O governo também tenta garantir que haja estoque suficiente de seringas e agulhas para a vacinação. Pra isso, o Ministério da Saúde fez uma requisição administrativa para que fabricantes brasileiros forneçam seus estoques excedentes desses produtos. Além disso, no dia 31 de dezembro, o governo criou restrições para impedir que agulhas e seringas fabricadas no Brasil sejam exportadas para outros países.

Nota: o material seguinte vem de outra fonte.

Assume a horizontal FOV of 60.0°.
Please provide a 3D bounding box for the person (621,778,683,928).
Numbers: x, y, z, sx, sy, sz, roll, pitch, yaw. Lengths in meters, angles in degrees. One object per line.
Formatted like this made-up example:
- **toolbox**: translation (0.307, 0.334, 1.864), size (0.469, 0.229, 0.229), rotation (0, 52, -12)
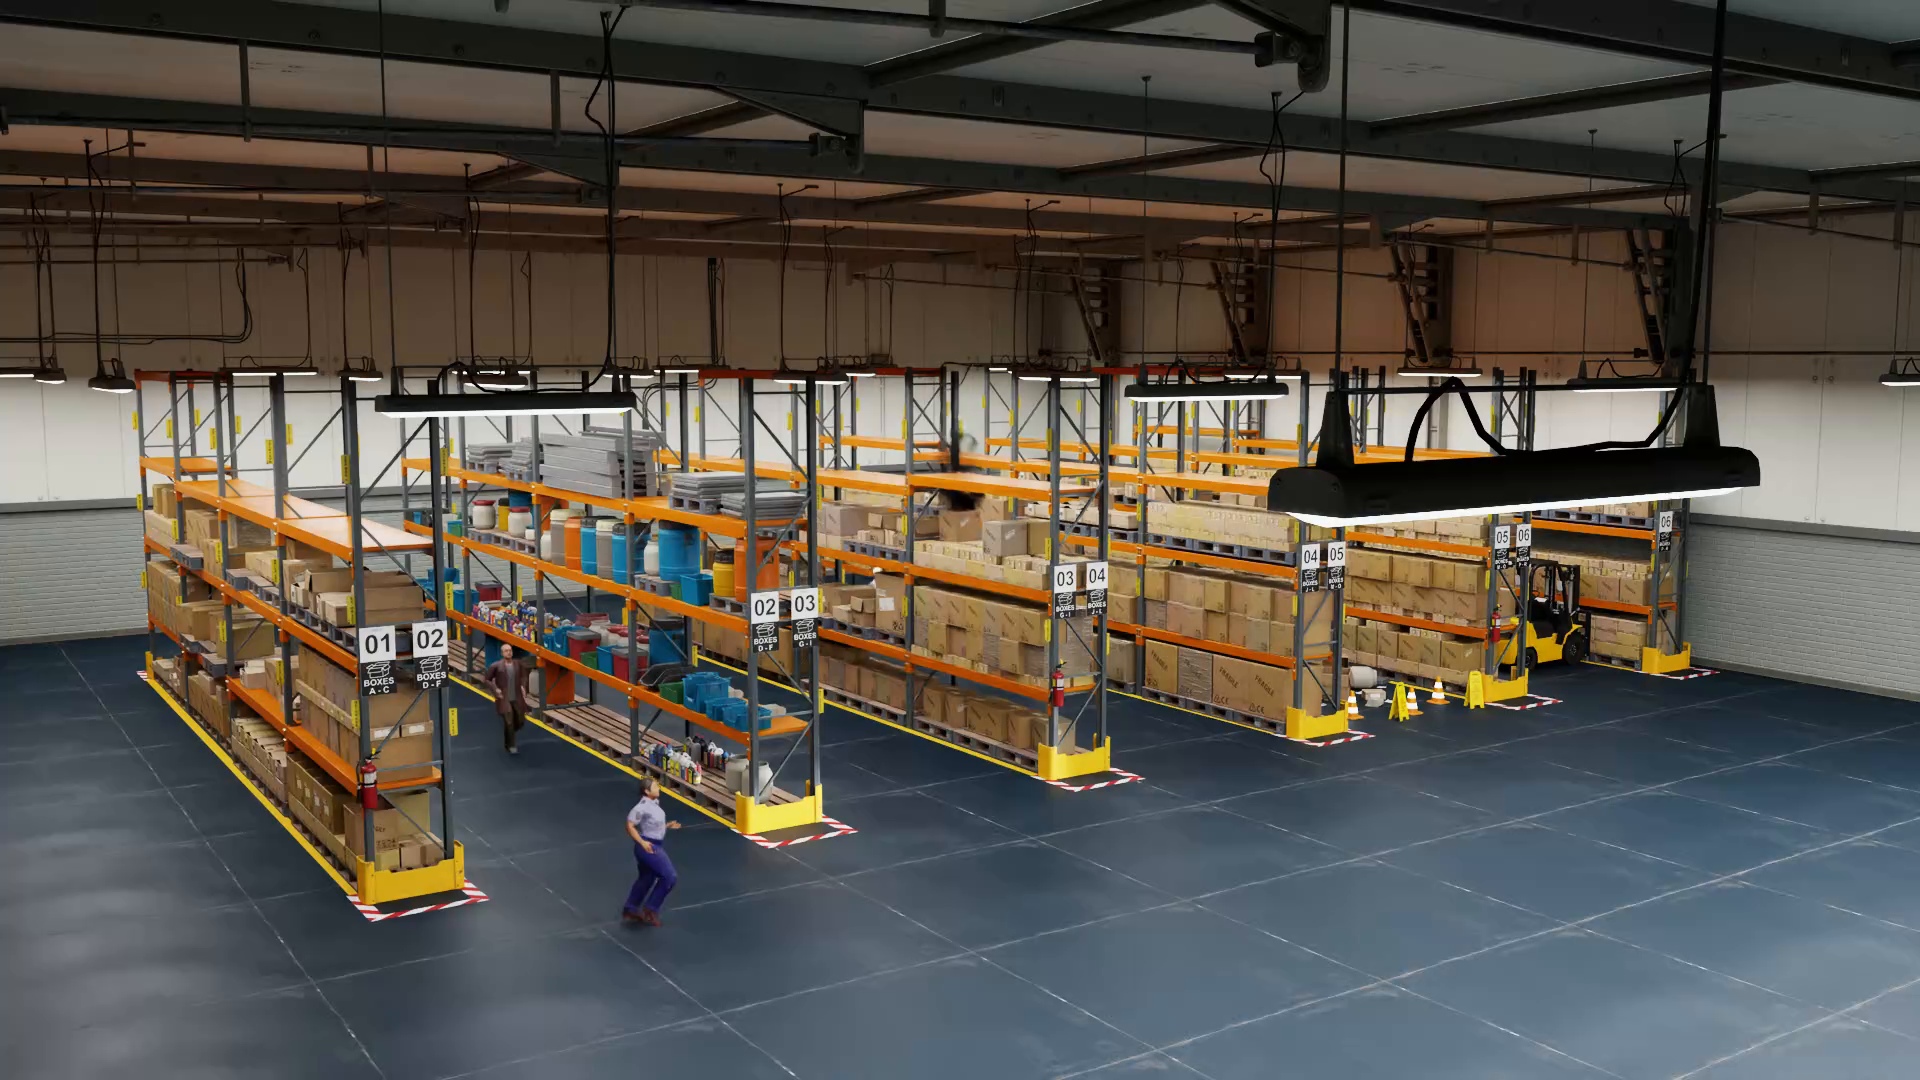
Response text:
- **person**: translation (-3.422, 3.456, 18.430), size (0.689, 1.665, 0.578), rotation (-1, 6, -7)

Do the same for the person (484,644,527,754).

Antes da reunião, os ministérios da Saúde e das Relações Exteriores confirmaram, também nesta terça, a importação emergencial de dois milhões de doses da vacina contra a Covid-19 que está sendo fabricada na Índia.
A compra emergencial do imunizante havia sido autorizada pela Anvisa no dia 31 de dezembro, mas foi posta em dúvida no último domingo — depois de o presidente do Instituto Serum, responsável pela fabricação das vacinas na Índia, ter afirmado que o governo indiano impediria a venda do produto. Adar Poonawala, o presidente do Instituto Serum, voltou atrás de sua declaração na manhã desta terça, e disse que a venda a outros países vai ser permitida pela Índia.

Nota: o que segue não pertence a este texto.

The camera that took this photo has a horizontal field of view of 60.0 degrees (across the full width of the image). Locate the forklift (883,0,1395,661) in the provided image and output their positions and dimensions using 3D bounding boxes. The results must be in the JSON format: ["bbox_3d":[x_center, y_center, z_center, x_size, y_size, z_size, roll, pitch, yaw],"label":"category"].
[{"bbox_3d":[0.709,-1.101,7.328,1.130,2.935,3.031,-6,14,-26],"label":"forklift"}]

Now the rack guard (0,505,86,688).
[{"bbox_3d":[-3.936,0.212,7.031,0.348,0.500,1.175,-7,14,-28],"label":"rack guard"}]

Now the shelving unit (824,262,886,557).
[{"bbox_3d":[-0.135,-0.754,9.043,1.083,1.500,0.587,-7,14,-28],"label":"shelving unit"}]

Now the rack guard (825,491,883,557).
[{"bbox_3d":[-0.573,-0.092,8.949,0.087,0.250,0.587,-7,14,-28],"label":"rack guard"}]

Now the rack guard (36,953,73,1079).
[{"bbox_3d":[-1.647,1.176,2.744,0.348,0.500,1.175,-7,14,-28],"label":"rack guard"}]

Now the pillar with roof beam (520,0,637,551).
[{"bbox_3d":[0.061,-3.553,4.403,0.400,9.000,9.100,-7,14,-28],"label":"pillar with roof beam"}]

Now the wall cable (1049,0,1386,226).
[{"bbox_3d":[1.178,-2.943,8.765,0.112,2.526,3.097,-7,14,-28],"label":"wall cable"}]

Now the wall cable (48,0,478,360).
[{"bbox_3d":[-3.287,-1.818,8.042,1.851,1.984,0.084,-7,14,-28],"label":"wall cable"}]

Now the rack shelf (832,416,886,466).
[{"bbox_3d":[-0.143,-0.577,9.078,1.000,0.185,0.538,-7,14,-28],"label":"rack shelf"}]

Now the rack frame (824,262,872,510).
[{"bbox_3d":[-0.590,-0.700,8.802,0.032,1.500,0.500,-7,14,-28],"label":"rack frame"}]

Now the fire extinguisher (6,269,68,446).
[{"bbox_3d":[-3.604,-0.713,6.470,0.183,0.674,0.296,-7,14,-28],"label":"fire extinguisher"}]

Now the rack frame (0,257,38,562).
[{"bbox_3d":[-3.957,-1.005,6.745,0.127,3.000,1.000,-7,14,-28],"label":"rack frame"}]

Agora que a compra das vacinas está confirmada pelo governo, a Anvisa, Agência Nacional de Vigilância Sanitária, se reuniu novamente com representantes da Fundação Oswaldo Cruz para discutir o registro do uso emergencial desse imunizante. As vacinas que serão importadas da Índia foram desenvolvidas em Oxford, no Reino Unido — o mesmo produto que está sendo produzido pela Fiocruz. Mas a Anvisa quer saber se o modo de produção também é o mesmo, antes de autorizar o uso do imunizante importado no Brasil.
A compra de 2 milhões de doses fabricadas na Índia foi solicitada pela própria Fiocruz como uma medida emergencial — já que as doses fabricadas no Brasil só vão ficar prontas para serem distribuídas em fevereiro.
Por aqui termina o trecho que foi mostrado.